Input material below:

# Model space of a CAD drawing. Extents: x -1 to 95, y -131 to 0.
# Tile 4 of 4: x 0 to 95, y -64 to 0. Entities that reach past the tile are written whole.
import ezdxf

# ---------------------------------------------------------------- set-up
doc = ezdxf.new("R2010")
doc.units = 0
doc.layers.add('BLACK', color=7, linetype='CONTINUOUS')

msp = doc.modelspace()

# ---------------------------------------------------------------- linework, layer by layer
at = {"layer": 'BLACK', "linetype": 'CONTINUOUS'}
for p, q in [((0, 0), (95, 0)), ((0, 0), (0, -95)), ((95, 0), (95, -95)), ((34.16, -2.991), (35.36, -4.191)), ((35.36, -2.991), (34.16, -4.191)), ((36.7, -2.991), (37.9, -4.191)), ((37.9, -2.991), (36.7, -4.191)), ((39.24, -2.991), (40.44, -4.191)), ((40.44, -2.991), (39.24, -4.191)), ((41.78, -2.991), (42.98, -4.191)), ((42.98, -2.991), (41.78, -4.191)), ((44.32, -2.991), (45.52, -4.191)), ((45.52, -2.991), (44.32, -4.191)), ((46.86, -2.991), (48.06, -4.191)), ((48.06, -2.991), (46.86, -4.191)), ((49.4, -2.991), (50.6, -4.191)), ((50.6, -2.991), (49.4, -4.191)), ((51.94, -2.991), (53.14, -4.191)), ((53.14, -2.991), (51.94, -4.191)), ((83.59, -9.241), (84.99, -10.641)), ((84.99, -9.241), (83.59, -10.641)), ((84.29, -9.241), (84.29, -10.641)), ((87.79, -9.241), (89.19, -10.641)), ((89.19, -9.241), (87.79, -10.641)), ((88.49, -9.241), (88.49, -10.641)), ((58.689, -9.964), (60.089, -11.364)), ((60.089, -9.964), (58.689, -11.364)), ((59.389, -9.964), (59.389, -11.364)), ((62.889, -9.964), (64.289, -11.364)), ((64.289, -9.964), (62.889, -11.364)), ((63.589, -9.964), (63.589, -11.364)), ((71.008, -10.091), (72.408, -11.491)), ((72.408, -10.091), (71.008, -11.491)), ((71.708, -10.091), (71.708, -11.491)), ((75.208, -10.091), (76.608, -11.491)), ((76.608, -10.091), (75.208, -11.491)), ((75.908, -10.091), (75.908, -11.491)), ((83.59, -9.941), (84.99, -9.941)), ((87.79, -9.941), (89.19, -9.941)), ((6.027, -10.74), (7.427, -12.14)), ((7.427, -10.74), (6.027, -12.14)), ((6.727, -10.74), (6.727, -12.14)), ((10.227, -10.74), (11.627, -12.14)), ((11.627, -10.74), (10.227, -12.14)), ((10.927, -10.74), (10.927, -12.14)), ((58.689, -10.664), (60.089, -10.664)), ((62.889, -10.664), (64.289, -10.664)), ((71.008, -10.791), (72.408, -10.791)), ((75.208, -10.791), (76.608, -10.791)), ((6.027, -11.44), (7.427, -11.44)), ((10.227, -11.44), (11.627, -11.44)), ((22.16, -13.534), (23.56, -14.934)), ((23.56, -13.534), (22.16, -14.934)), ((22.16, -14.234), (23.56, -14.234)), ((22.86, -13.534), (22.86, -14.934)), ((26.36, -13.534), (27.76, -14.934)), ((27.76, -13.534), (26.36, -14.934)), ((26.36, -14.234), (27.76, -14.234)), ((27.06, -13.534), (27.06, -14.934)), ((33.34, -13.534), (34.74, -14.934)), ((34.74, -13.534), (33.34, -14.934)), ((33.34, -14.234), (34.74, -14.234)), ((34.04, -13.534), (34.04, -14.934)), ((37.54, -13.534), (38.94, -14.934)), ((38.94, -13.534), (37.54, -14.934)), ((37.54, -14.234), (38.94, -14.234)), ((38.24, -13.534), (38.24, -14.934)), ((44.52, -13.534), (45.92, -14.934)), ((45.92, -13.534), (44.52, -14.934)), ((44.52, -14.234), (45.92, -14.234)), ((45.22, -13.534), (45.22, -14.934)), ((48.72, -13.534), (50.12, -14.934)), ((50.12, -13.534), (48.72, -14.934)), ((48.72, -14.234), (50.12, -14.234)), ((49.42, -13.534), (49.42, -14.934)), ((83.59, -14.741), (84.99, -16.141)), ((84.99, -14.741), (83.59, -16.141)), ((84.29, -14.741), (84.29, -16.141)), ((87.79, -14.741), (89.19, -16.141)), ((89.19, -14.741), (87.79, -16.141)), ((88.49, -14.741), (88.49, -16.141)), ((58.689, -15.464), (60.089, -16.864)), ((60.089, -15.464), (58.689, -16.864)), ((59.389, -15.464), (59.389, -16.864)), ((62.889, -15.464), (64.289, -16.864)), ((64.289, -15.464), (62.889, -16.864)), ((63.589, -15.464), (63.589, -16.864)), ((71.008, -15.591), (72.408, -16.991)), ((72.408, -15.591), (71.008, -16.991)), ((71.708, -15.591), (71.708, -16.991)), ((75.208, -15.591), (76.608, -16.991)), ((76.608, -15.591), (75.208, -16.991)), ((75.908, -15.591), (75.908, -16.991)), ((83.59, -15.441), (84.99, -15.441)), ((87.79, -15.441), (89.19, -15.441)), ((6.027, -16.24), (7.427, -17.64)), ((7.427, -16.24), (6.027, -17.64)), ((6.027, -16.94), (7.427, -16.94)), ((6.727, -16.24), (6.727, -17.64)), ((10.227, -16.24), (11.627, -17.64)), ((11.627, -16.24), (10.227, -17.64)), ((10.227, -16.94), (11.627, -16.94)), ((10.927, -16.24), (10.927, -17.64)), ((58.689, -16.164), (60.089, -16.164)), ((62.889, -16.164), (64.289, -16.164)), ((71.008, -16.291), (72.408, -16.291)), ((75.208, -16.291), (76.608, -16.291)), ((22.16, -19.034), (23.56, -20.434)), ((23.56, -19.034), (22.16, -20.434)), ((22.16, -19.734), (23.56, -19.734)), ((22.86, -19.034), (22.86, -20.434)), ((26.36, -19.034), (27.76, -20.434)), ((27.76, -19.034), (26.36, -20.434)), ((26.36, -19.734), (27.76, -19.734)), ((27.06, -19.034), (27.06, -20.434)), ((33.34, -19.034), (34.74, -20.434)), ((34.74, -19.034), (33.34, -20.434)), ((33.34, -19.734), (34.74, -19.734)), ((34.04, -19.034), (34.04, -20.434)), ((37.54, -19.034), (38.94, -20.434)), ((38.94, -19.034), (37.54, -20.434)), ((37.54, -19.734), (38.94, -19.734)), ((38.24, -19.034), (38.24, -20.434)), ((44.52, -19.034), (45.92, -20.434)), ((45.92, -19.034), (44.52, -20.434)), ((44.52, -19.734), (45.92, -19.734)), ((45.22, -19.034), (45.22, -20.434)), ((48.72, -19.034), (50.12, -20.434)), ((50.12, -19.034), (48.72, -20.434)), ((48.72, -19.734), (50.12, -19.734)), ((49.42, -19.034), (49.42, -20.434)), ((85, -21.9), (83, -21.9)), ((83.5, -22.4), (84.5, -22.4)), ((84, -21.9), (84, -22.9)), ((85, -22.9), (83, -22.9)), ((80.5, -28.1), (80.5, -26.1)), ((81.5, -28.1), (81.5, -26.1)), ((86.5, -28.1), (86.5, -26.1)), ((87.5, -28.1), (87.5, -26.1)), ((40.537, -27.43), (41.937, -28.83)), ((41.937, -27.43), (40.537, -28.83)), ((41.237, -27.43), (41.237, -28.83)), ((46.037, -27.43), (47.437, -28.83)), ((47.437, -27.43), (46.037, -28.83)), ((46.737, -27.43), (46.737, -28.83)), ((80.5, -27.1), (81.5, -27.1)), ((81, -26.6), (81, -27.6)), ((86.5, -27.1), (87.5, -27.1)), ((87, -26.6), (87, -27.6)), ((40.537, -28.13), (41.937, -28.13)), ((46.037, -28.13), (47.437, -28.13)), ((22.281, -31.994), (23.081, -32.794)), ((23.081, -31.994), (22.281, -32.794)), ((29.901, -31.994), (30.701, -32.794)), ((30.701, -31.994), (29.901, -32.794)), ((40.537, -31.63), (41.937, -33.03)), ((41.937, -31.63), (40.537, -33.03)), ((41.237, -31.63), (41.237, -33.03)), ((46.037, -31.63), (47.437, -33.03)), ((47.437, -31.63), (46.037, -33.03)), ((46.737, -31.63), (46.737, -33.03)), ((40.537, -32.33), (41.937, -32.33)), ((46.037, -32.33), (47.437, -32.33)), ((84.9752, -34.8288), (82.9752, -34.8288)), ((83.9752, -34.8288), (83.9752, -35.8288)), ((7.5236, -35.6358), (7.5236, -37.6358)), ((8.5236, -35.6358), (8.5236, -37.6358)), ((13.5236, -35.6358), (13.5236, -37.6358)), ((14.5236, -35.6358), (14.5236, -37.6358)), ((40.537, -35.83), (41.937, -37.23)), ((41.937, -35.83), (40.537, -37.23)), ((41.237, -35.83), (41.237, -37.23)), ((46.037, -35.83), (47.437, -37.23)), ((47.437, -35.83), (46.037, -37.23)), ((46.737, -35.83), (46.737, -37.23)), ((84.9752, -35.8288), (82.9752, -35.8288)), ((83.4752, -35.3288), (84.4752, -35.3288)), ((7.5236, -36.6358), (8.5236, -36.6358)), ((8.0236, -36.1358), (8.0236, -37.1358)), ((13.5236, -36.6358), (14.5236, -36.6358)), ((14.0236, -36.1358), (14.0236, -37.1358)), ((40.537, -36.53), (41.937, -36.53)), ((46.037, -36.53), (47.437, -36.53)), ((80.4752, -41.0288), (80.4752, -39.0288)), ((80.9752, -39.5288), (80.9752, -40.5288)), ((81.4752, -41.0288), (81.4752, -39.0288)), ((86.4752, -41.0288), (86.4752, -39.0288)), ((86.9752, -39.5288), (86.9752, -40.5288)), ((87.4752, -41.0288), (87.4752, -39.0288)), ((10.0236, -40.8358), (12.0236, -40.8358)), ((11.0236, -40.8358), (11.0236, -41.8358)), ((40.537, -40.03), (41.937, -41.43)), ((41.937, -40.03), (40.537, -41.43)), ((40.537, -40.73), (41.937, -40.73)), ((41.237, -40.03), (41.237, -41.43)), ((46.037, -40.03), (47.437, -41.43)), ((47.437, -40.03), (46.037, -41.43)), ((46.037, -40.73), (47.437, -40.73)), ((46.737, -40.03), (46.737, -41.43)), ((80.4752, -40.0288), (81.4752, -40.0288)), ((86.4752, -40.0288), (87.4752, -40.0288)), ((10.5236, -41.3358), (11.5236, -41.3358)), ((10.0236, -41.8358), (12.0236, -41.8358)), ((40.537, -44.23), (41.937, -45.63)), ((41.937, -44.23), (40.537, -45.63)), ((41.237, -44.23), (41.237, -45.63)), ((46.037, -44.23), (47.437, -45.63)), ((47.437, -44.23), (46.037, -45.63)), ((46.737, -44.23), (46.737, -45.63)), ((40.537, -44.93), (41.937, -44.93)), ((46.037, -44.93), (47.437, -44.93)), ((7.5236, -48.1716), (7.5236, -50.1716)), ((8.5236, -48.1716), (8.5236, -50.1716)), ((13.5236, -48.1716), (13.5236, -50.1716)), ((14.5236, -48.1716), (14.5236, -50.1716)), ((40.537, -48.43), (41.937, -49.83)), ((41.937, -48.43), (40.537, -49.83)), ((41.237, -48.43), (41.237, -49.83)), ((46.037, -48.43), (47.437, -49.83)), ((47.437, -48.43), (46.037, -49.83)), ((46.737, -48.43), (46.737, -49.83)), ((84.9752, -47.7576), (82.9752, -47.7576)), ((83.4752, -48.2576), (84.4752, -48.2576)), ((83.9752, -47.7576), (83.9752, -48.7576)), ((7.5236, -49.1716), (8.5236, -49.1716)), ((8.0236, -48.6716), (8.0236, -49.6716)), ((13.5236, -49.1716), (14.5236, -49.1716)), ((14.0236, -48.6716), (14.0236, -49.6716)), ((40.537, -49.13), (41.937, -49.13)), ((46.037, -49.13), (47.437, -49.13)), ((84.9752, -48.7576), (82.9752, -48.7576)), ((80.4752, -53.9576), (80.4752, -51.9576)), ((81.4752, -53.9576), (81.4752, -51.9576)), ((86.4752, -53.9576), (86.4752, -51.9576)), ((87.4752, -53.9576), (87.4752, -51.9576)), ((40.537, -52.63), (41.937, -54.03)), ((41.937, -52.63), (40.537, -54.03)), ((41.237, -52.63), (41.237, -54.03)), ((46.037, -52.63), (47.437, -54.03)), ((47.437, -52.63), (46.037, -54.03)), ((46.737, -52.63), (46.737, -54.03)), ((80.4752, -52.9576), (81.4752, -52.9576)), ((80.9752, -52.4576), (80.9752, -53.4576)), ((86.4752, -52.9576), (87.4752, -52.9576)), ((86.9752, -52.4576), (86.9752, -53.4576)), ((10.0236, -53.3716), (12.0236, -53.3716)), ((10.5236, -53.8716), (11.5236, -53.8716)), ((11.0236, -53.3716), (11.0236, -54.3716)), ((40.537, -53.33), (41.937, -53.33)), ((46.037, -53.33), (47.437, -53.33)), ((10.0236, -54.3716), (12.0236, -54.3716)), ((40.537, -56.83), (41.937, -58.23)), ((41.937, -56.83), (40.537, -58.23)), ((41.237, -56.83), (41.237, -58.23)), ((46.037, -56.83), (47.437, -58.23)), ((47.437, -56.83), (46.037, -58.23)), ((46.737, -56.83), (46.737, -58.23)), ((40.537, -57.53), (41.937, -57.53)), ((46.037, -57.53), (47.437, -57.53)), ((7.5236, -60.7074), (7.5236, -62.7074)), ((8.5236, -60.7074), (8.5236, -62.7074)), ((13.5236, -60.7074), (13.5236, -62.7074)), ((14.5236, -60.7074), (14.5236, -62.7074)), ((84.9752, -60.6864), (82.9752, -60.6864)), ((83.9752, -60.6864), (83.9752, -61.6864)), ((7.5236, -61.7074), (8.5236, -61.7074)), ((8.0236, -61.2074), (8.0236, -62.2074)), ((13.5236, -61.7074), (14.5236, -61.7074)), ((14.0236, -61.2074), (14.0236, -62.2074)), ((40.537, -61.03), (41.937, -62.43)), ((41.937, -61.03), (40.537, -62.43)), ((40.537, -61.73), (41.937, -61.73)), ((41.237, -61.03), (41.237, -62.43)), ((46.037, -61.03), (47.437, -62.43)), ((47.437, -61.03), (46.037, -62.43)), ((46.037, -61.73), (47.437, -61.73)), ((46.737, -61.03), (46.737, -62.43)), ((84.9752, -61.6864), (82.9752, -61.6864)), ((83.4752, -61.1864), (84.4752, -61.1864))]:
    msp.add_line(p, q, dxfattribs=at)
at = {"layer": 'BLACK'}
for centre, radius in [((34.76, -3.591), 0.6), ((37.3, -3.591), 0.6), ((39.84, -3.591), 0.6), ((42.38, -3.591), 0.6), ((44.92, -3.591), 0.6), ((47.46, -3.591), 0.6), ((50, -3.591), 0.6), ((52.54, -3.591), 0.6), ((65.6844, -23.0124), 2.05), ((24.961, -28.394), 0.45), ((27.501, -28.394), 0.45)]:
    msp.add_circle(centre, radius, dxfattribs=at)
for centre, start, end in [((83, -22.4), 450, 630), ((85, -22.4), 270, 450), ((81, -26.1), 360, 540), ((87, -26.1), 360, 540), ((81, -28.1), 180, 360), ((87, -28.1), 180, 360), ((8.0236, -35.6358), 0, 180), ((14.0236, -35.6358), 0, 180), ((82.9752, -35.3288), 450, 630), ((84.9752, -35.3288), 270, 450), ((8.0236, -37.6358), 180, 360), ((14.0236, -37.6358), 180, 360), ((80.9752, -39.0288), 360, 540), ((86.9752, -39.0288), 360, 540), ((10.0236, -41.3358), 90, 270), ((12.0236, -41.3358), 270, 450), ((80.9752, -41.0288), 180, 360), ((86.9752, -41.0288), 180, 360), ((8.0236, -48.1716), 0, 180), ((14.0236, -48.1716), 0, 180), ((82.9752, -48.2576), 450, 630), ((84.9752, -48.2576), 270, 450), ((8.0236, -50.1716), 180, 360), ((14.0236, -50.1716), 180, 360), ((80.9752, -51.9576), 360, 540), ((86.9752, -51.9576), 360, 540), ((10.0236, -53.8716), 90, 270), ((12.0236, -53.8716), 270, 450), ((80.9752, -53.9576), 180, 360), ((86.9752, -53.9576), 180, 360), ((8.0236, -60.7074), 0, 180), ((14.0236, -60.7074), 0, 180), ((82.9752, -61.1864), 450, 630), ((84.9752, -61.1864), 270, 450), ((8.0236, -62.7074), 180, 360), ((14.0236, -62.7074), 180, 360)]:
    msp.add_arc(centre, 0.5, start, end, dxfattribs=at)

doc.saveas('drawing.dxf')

End of Input material.

# Problem statement
Find all lines holding the word "linetype" in the records above and copy them.

# The answer
doc.layers.add('BLACK', color=7, linetype='CONTINUOUS')
at = {"layer": 'BLACK', "linetype": 'CONTINUOUS'}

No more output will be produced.